Original Contributions

Performance of Bedside Transpulmonary Thermodilution Monitoring for Goal-Directed Hemodynamic Management After Subarachnoid Hemorrhage

Tatsushi Mutoh, MD, DVM, PhD; Ken Kazumata, MD; Tatsuya Ishikawa, MD Shunsuke Terasaka, MD

From the Department of Surgical Neurology (T.M., T.I.), Research Institute for Brain and Blood Vessels-Akita, Akita, Japan; the Department of Neurosurgery (K.K.), Teine Keijinkai Medical Center, Sapporo, Japan; and the Department of Neurosurgery (S.T.), Hokkaido University Graduate School of Medicine, Sapporo, Japan.

Correspondence to Tatsushi Mutoh, MD, DVM, PhD, Department of Surgical Neurology, Research Institute for Brain and Blood Vessels-Akita, 6-10 Senshu-Kubota-machi, Akita 010-0874, Japan. E-mail tmutoh{at}tiara.ocn.ne.jp

Background and Purpose— Early goal-directed hemodynamic therapy is of particular importance for adequate cerebral circulation of patients with vasospasm after subarachnoid hemorrhage but is often precluded by the invasiveness of established cardiac output determination using a pulmonary artery catheter. This study was undertaken to validate the usefulness of less invasive goal-directed hemodynamic monitoring by transpulmonary thermodilution technique in patients after subarachnoid hemorrhage.

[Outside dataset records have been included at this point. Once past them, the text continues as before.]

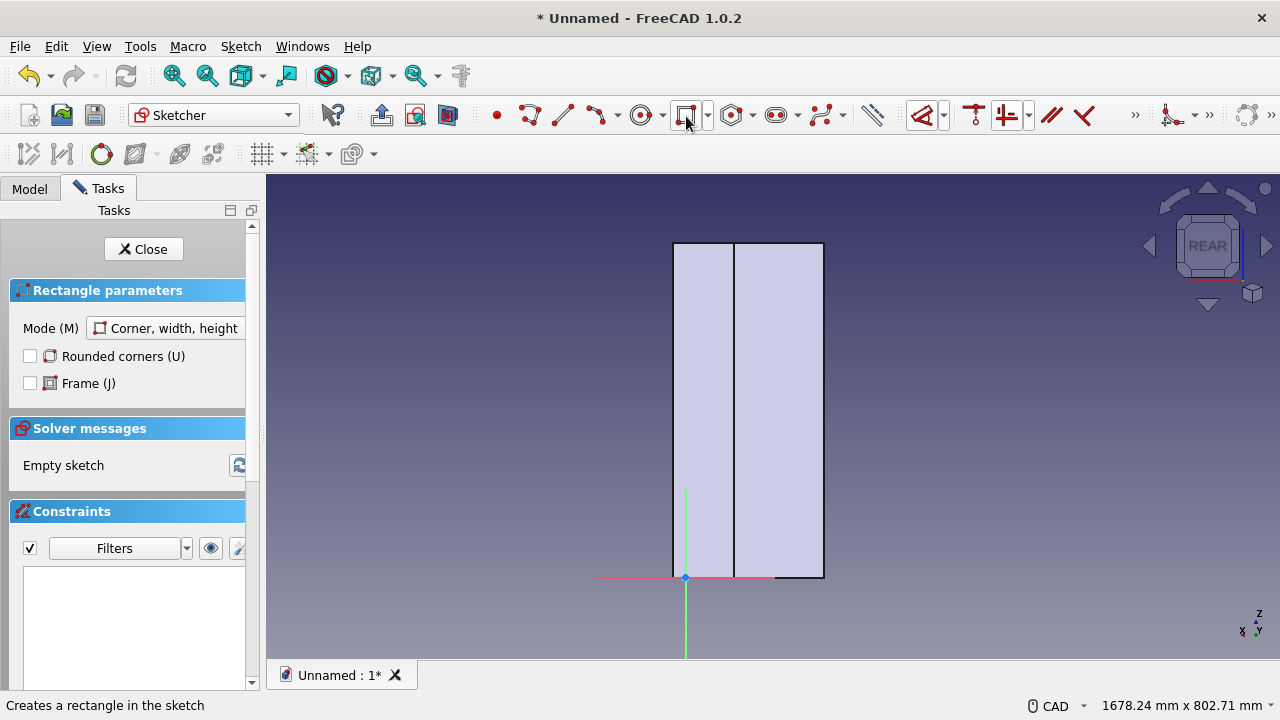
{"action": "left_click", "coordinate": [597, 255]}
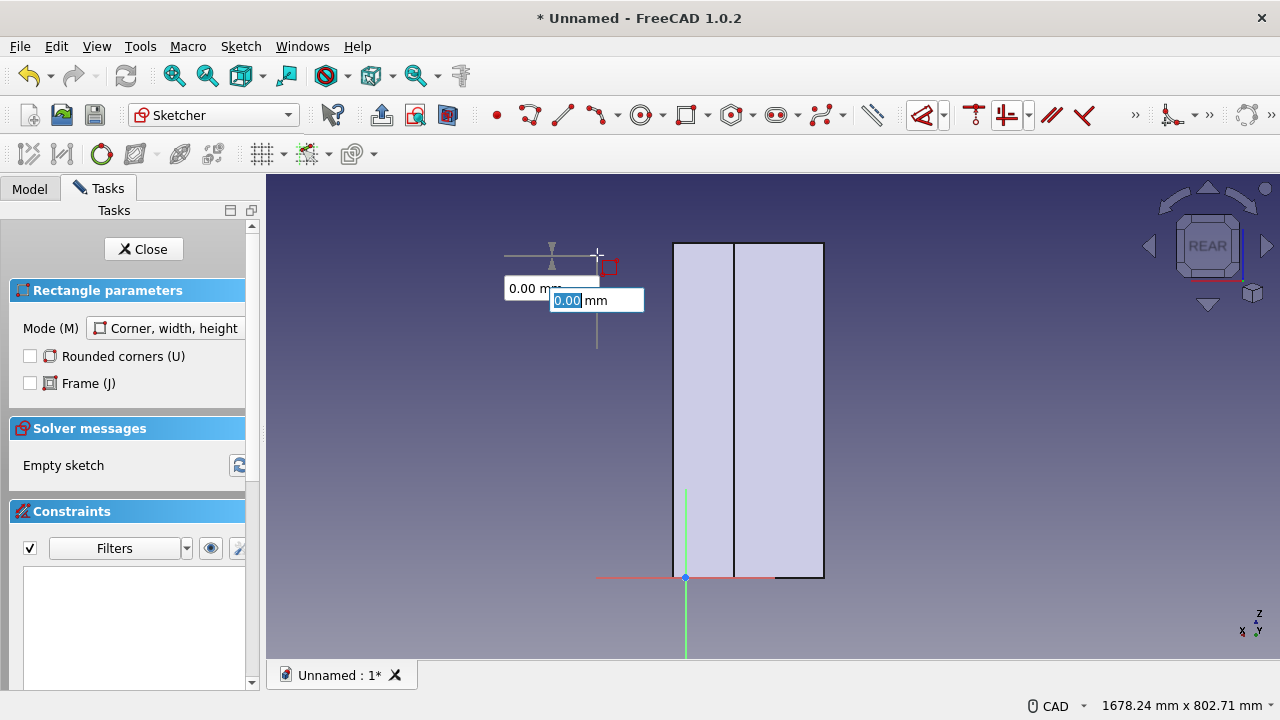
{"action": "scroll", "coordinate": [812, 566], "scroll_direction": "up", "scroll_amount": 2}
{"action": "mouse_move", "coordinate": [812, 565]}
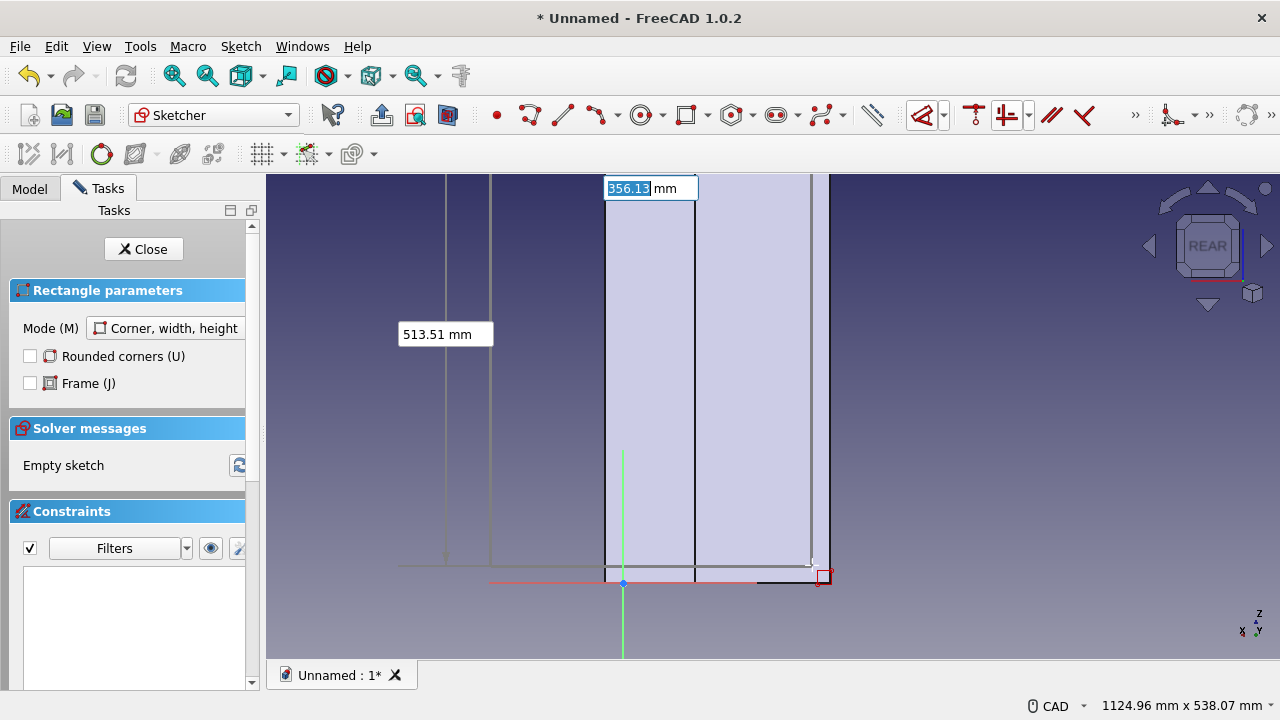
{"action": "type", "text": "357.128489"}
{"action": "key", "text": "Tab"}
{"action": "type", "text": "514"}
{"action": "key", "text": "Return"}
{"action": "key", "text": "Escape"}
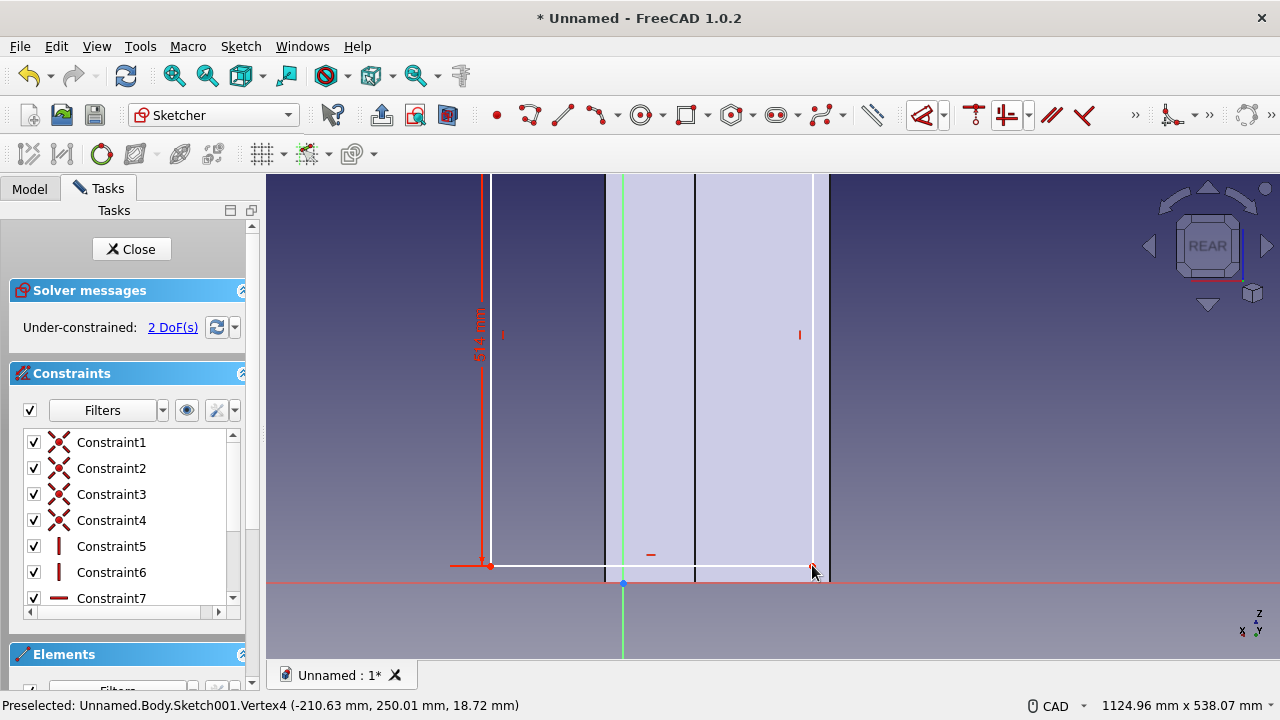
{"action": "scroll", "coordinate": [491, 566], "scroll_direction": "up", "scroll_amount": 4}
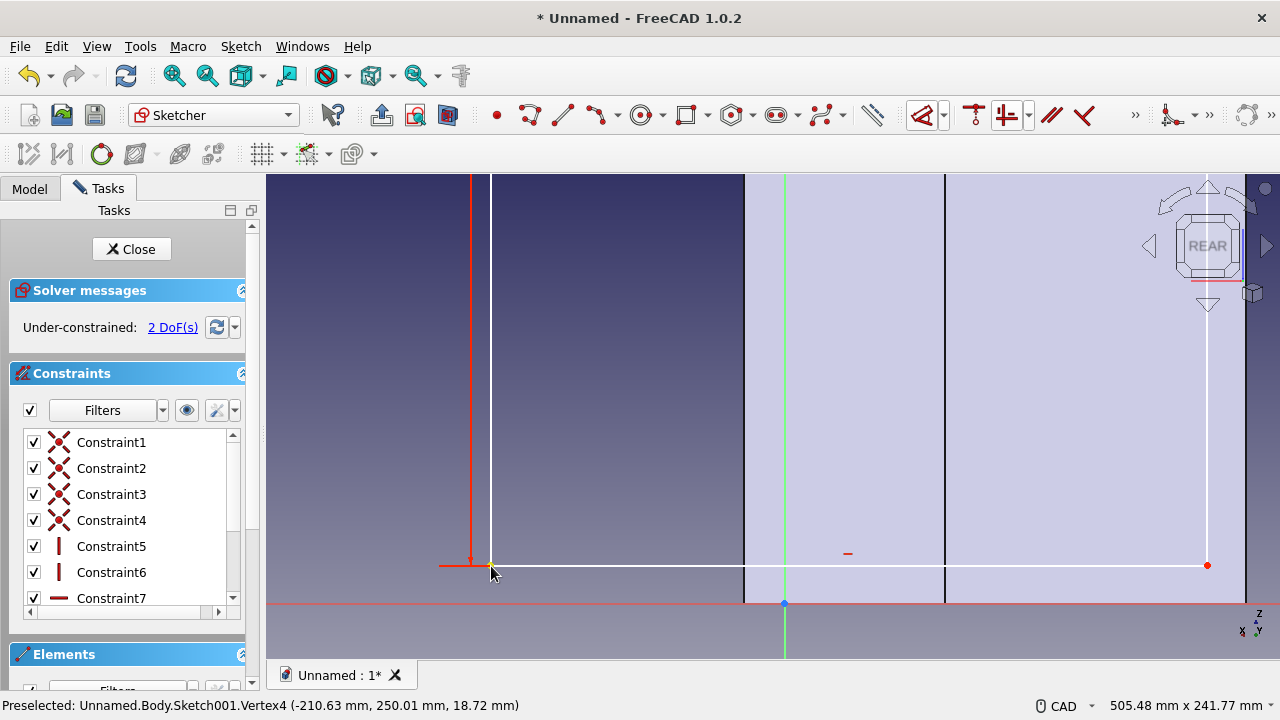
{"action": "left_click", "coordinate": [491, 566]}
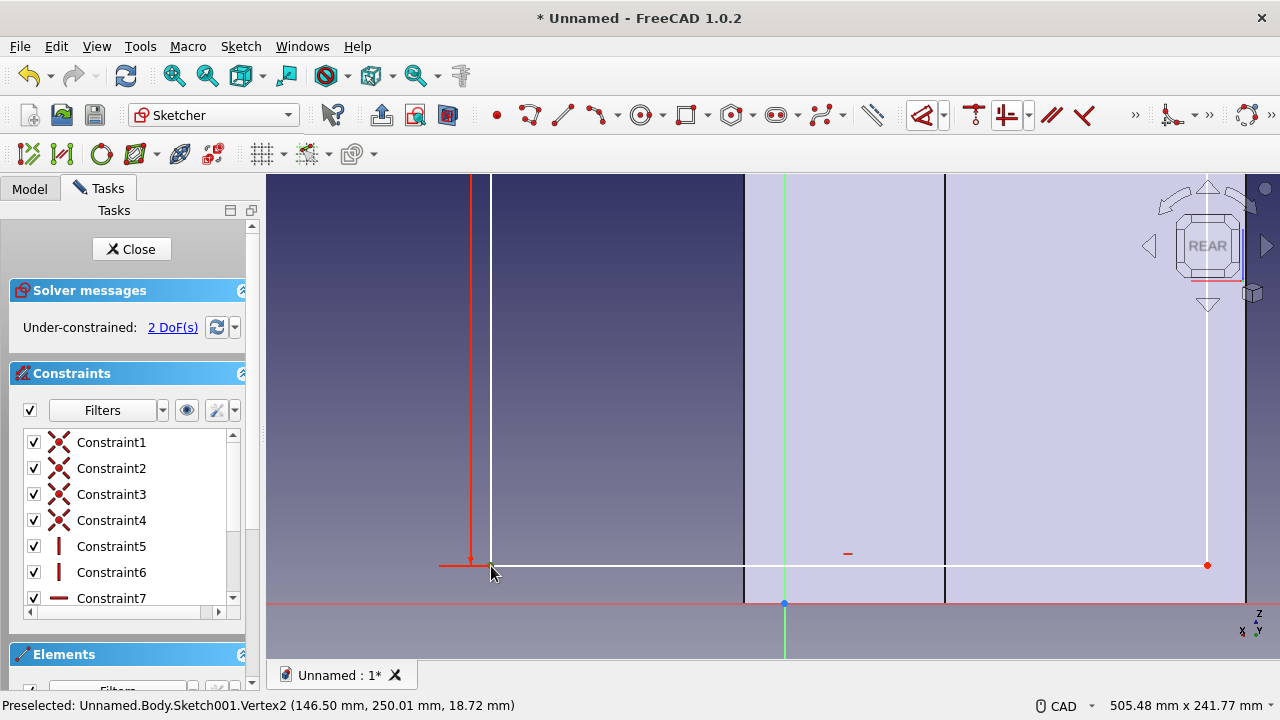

Methods— One hundred sixteen patients with subarachnoid hemorrhage who underwent surgical clipping within 24 hours of ictus were investigated. Validation of transpulmonary thermodilution-derived intermittent/continuous cardiac output and cardiac preload (global end diastolic volume) were compared with pulmonary artery catheter-derived reference cardiac output and pulmonary capillary wedge pressure or central venous pressure in 16 patients diagnosed with vasospasm. In a subsequent trial of 100 consecutive cases, clinical results between the new and standard management paradigms were compared.

Results— Transpulmonary thermodilution-derived intermittent cardiac output and transpulmonary thermodilution-derived continuous cardiac output showed close agreement to catheter-derived reference cardiac output with high correlation (r=0.85 and 0.77) and low percentage error (13.5% and 18.0%). Fluid responsiveness to defined volume loading was predicted better with global end diastolic volume than with pulmonary capillary wedge pressure and central venous pressure for larger receiver operating characteristic curve area. Patients receiving early goal-directed management by transpulmonary thermodilution experienced reduced frequencies of vasospasm and cardiopulmonary complications compared with those managed with standard therapy (P<0.05), whereas their functional outcomes at 3 months were not different (P=0.06).

Conclusions— Goal-directed hemodynamic management guided by transpulmonary thermodilution appears to have a therapeutic advantage for optimizing the prognosis of patients with subarachnoid hemorrhage with vasospasm over conventional methods.